Domjan believes that Salvador is the "right country" for such an experiment because it is not under sanctions, and through the IMF it is included in the international financial system.

He adds that significant lessons can be learned from the example of El Salvador, which brings an element of legitimacy to the whole bitcoin story.

While cryptocurrency analysts are excited about El Salvador's bitcoin currency experiment, most regulators in Europe and the US have given it a colder reception, issuing stern warnings about the dangers of cryptocurrency trading.

In advanced economies, the Financial Times wrote, many in the financial world view cryptocurrencies with suspicion - in the realm of a speculative and highly volatile fad that can only end badly.
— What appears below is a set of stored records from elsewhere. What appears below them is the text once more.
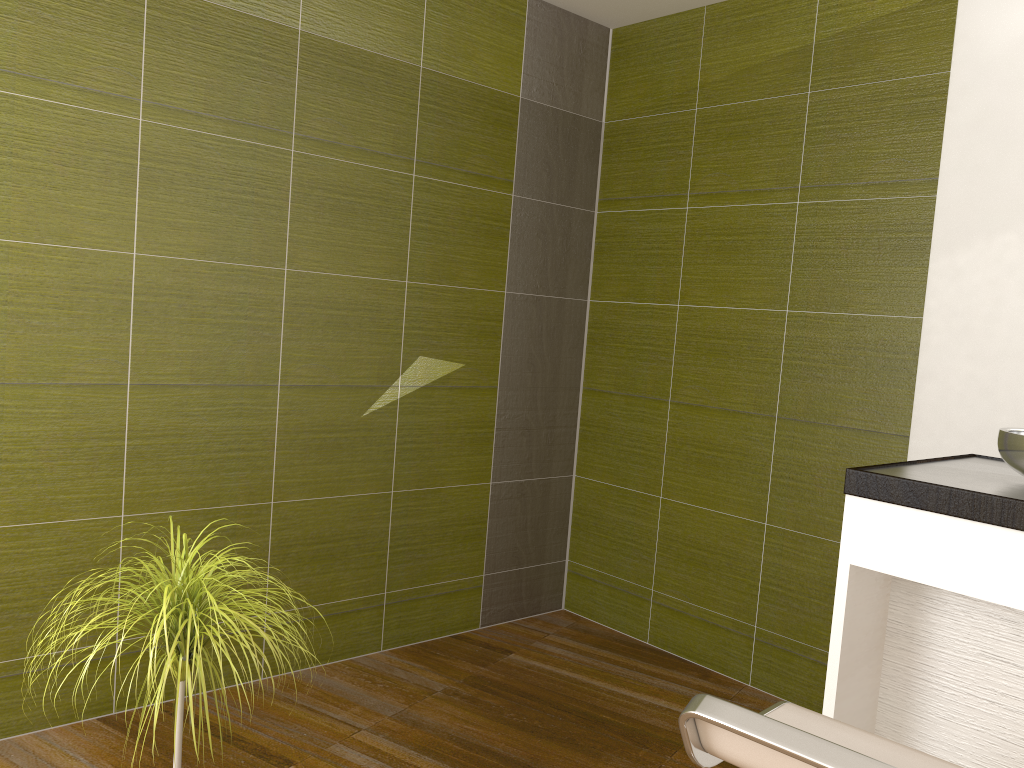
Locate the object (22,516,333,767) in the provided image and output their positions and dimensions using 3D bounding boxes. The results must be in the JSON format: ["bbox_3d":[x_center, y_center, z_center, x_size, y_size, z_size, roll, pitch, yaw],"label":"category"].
[{"bbox_3d":[-0.710,0.745,1.904,0.606,0.904,0.585,6,4,16],"label":"object"}]

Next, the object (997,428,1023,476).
[{"bbox_3d":[1.163,0.163,1.809,0.311,0.105,0.311,2,5,-29],"label":"object"}]

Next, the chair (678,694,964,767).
[{"bbox_3d":[0.509,0.902,1.384,0.418,0.857,0.460,8,6,43],"label":"chair"}]

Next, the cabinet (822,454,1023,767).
[{"bbox_3d":[1.874,0.897,1.007,0.663,1.134,2.947,1,6,-42],"label":"cabinet"}]
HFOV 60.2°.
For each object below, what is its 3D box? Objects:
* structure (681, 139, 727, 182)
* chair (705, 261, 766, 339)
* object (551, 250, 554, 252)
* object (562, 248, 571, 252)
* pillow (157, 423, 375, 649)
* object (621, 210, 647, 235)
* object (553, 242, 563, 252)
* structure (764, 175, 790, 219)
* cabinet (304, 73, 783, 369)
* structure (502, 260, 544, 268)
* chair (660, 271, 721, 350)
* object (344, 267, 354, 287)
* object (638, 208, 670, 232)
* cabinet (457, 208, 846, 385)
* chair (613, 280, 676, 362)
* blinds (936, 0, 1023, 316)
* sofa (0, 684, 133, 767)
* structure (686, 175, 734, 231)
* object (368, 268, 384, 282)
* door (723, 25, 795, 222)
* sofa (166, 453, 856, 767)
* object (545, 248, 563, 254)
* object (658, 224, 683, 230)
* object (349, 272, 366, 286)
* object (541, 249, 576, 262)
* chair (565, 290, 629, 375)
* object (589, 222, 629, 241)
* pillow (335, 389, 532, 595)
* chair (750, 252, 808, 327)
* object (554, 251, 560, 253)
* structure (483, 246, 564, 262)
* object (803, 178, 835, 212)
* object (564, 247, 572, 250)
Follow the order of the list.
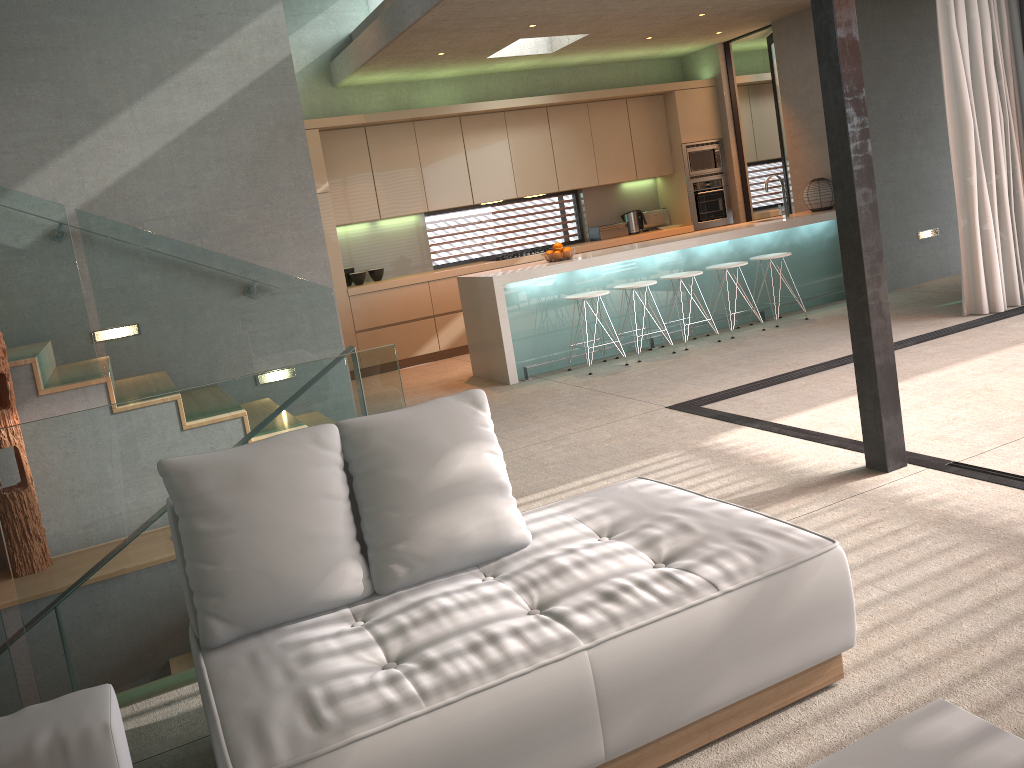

Following the announcement of Salvador's plan, the IMF warned in late July of the dangers countries could face, saying the widespread use of unstable coins could undermine "macroeconomic stability" and potentially expose financial systems to illicit activity.

The British regulator warned that "if consumers invest in these types of products, they should be prepared for the possibility of losing all their money".